Can you please share the eventual changes and your perspective on the changes Health Canada and the surgeon general and commander of the Canadian Armed Forces health services made in 2016 regarding the use of mefloquine in Canada after a significant amount of challenge at this committee and also from veterans?

4:10 p.m.

Liberal

The Chair Liberal Emmanuel Dubourg

Excuse me, Dr. Nevin. I can give you only 20 seconds to respond.

Please go ahead.

4:10 p.m.

Executive Director, The Quinism Foundation

Dr. Remington Nevin

I would say that what is missing from those reports is an acknowledgement of the most important thing with mefloquine and that is that the use of the drug must be discontinued at the onset of psychiatric symptoms. It is this critical warning that I think has been ignored and that has still not been acknowledged by Canadian officials.

4:10 p.m.

Liberal

The Chair Liberal Emmanuel Dubourg

Thank you very much.

For the next question, for six minutes, I invite MP Randeep Sarai.

4:10 p.m.

Liberal

Randeep Sarai Liberal Surrey Centre, BC

Thank you, Chair.

I want to thank all of the witnesses, but specifically Ms.

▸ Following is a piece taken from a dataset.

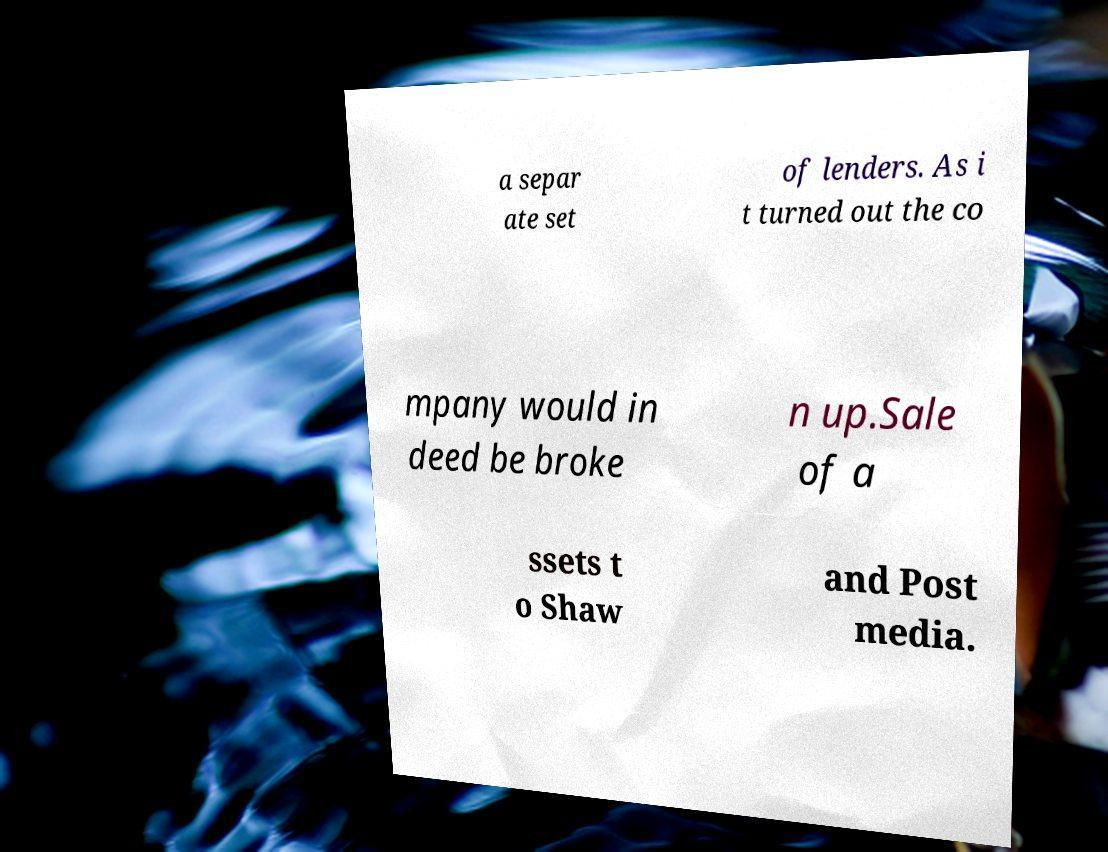For documentation purposes, I need the text within this image transcribed. Could you provide that? a separ ate set of lenders. As i t turned out the co mpany would in deed be broke n up.Sale of a ssets t o Shaw and Post media.

Doucet and Ms. Smith, who had to share their personal experiences, which we all understand is very difficult.

My first question is for Ms. Smith. It appears as though we opened up the Canadian Armed Forces to women and they were plopped in with no support mechanisms, no systems, no checks on how biology would come into play and no complaint methods—a real “cluster-F”, if you want to call it that. Pardon my language, but I really feel for you. What you went through in a very short period of time was unacceptable.

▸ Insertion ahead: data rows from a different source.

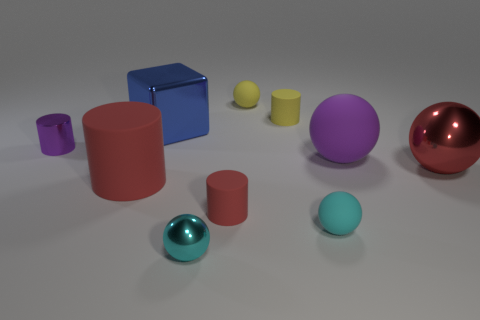Subtract all metal cylinders. How many cylinders are left? 3 Subtract all purple cubes. How many red cylinders are left? 2 Subtract all purple cylinders. How many cylinders are left? 3 Subtract 2 balls. How many balls are left? 3 Subtract all red balls. Subtract all brown cylinders. How many balls are left? 4 Subtract all big red matte objects. Subtract all large matte things. How many objects are left? 7 Add 6 red balls. How many red balls are left? 7 Add 9 small green metal cubes. How many small green metal cubes exist? 9 Subtract 1 yellow balls. How many objects are left? 9 Subtract all blocks. How many objects are left? 9 
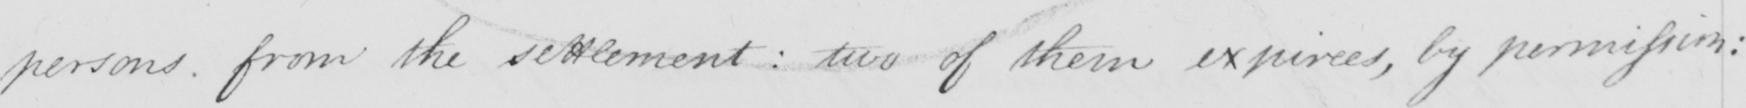Please provide the text content of this handwritten line. persons from the settlement :  two of them expirees , by permission : 
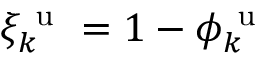Convert formula to latex. <formula><loc_0><loc_0><loc_500><loc_500>\xi _ { k } ^ { u } = 1 - \phi _ { k } ^ { u }</formula> 
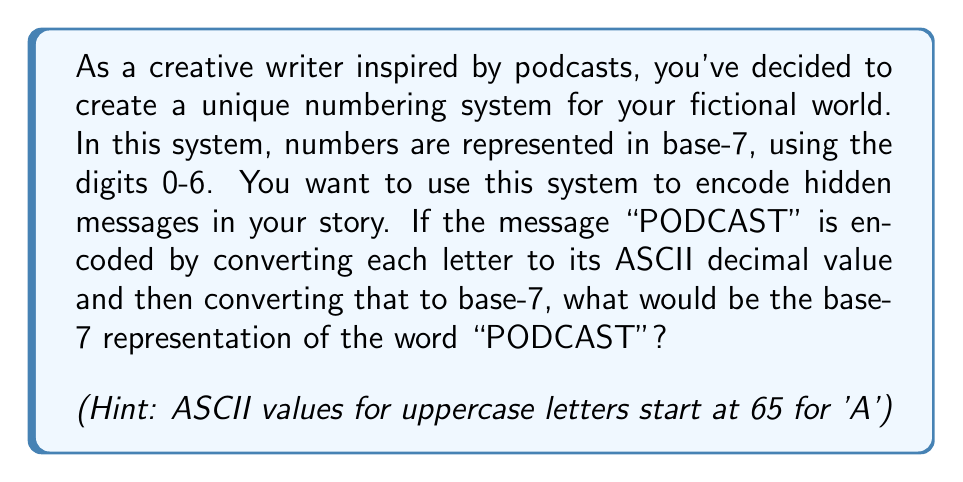Solve this math problem. Let's approach this step-by-step:

1) First, we need to convert each letter to its ASCII decimal value:
   P: 80
   O: 79
   D: 68
   C: 67
   A: 65
   S: 83
   T: 84

2) Now, we need to convert each of these decimal values to base-7. To do this, we divide by 7 repeatedly and read the remainders from bottom to top:

   For P (80):
   $$ 80 \div 7 = 11 \text{ remainder } 3 $$
   $$ 11 \div 7 = 1 \text{ remainder } 4 $$
   $$ 1 \div 7 = 0 \text{ remainder } 1 $$
   So, 80 in base-7 is 143

   For O (79):
   $$ 79 \div 7 = 11 \text{ remainder } 2 $$
   $$ 11 \div 7 = 1 \text{ remainder } 4 $$
   $$ 1 \div 7 = 0 \text{ remainder } 1 $$
   So, 79 in base-7 is 142

   For D (68):
   $$ 68 \div 7 = 9 \text{ remainder } 5 $$
   $$ 9 \div 7 = 1 \text{ remainder } 2 $$
   $$ 1 \div 7 = 0 \text{ remainder } 1 $$
   So, 68 in base-7 is 125

   For C (67):
   $$ 67 \div 7 = 9 \text{ remainder } 4 $$
   $$ 9 \div 7 = 1 \text{ remainder } 2 $$
   $$ 1 \div 7 = 0 \text{ remainder } 1 $$
   So, 67 in base-7 is 124

   For A (65):
   $$ 65 \div 7 = 9 \text{ remainder } 2 $$
   $$ 9 \div 7 = 1 \text{ remainder } 2 $$
   $$ 1 \div 7 = 0 \text{ remainder } 1 $$
   So, 65 in base-7 is 122

   For S (83):
   $$ 83 \div 7 = 11 \text{ remainder } 6 $$
   $$ 11 \div 7 = 1 \text{ remainder } 4 $$
   $$ 1 \div 7 = 0 \text{ remainder } 1 $$
   So, 83 in base-7 is 146

   For T (84):
   $$ 84 \div 7 = 12 \text{ remainder } 0 $$
   $$ 12 \div 7 = 1 \text{ remainder } 5 $$
   $$ 1 \div 7 = 0 \text{ remainder } 1 $$
   So, 84 in base-7 is 150

3) Now we have the base-7 representation for each letter. We can combine these to get the final result.
Answer: The base-7 representation of "PODCAST" is: 143 142 125 124 122 146 150 
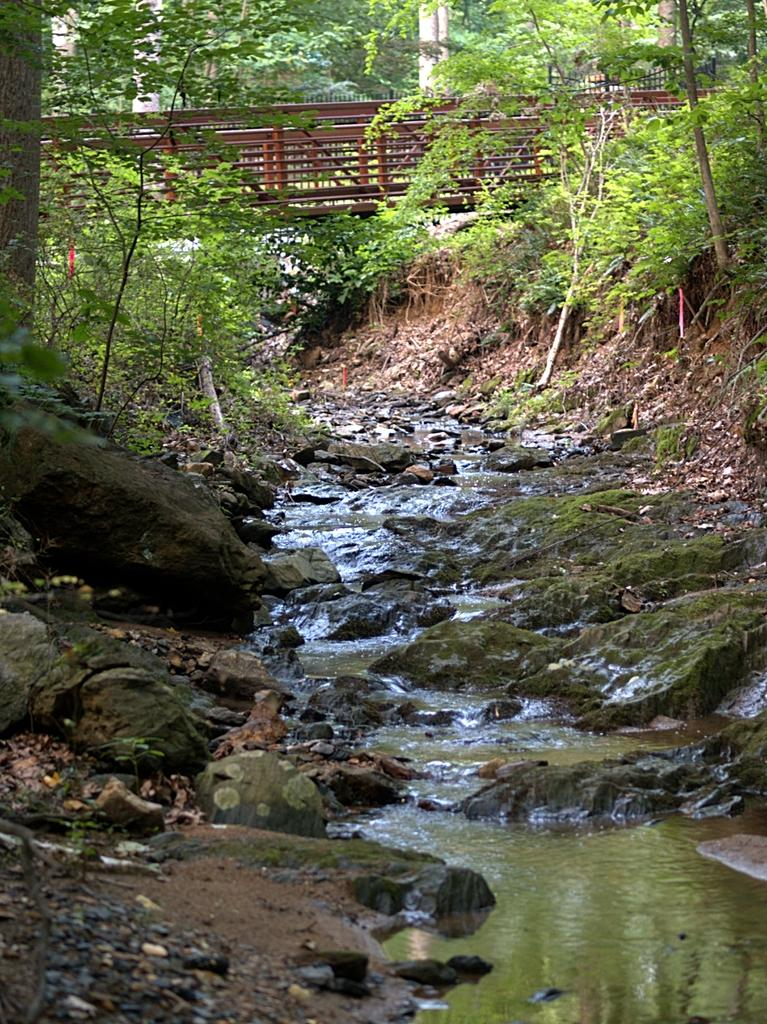What type of vegetation is present in the image? There is a group of trees in the image. What other objects can be seen in the image? There are stones and a bridge visible in the image. What is the condition of the water in the image? The water is visible in the image. What part of the trees is visible in the image? The bark of the trees is visible. What type of weather can be seen in the image? The provided facts do not mention any weather conditions, so it cannot be determined from the image. 
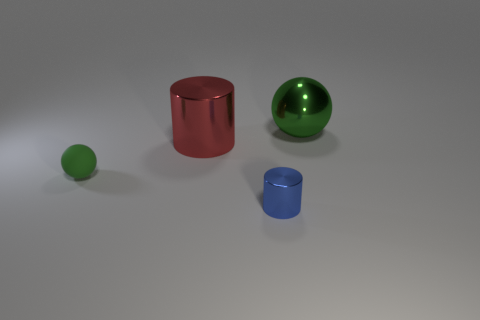What number of small objects have the same color as the big metallic sphere?
Offer a very short reply. 1. How many things are green objects that are to the right of the small green object or blue cylinders?
Offer a terse response. 2. There is a sphere right of the tiny rubber ball; what is its size?
Give a very brief answer. Large. Is the number of big green shiny cylinders less than the number of tiny objects?
Your answer should be compact. Yes. Is the small blue cylinder in front of the tiny green ball made of the same material as the green sphere that is behind the big red metal cylinder?
Give a very brief answer. Yes. There is a metallic object that is in front of the cylinder that is behind the shiny thing in front of the big cylinder; what is its shape?
Offer a terse response. Cylinder. How many yellow objects are the same material as the tiny cylinder?
Provide a short and direct response. 0. There is a large metal thing that is on the left side of the big shiny sphere; how many small green matte spheres are in front of it?
Your answer should be very brief. 1. Do the big shiny object that is right of the blue shiny thing and the large object that is in front of the big green sphere have the same color?
Give a very brief answer. No. What is the shape of the thing that is both in front of the big red cylinder and to the right of the small rubber object?
Ensure brevity in your answer.  Cylinder. 
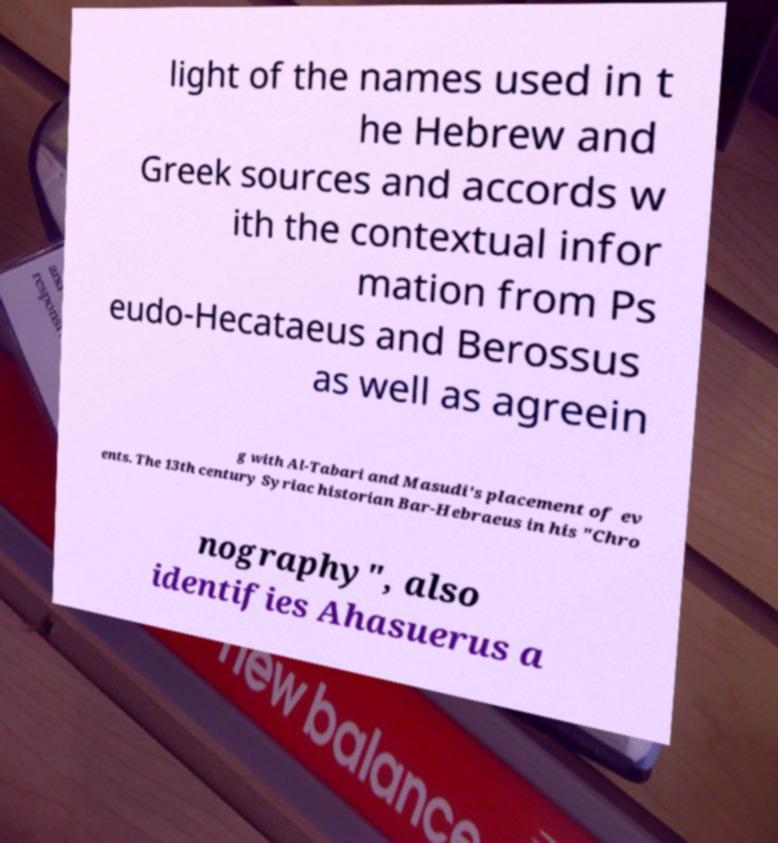For documentation purposes, I need the text within this image transcribed. Could you provide that? light of the names used in t he Hebrew and Greek sources and accords w ith the contextual infor mation from Ps eudo-Hecataeus and Berossus as well as agreein g with Al-Tabari and Masudi's placement of ev ents. The 13th century Syriac historian Bar-Hebraeus in his "Chro nography", also identifies Ahasuerus a 
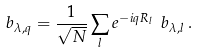Convert formula to latex. <formula><loc_0><loc_0><loc_500><loc_500>b _ { \lambda , { q } } = \frac { 1 } { \sqrt { N } } \sum _ { l } e ^ { - i { q } { R } _ { l } } \ b _ { \lambda , { l } } \, .</formula>

You gave five great, concrete recommendations. Can you maybe help us more? Based on your own experience, how would specially trained case managers who deal specifically with sexual trauma be helpful?

Also, with regard to medical records and having to repeat the trauma over and over when you go to a different case manager or when a file goes from CAF to VAC, if you could make some recommendations or some solid suggestions, that would be very helpful so that we can make those changes going forward.

4:10 p.m.

Veteran, As an Individual

Jennifer Smith

My goodness, there's a lot to unpack there.

With respect to case managers being trained specifically on military sexual trauma and housing insecurity or homelessness, I think there's just this ingrained, unaware bias that presupposes that women have spouses or that they have support systems in place. When that is not the case, having case managers meeting the veteran without these pre-existing biases and suppositions would help build rapport and trust between the case manager and the veteran.

So many veterans, including me, are just not heard at all. With respect to homelessness, I had a case manager I repeatedly told I was homeless. Let's expand that to be a more inclusive definition—housing insecure—because women veterans, as we know, do exist. They are not invisible. They are out there. They do present in a much different way from what we're typically led to believe. They are couch surfing or perhaps staying in different shelters.

I had a case manager who said that VAC did not have a housing mandate and to just look on Kijiji. That was as far as I got with that. I skipped around from couch to couch, to short-term Airbnbs, to my car, and I was being denied services because I didn't have a fixed address. I know that maybe doesn't necessarily answer that question directly, but there needs to be more awareness and more special training. These are specific topics.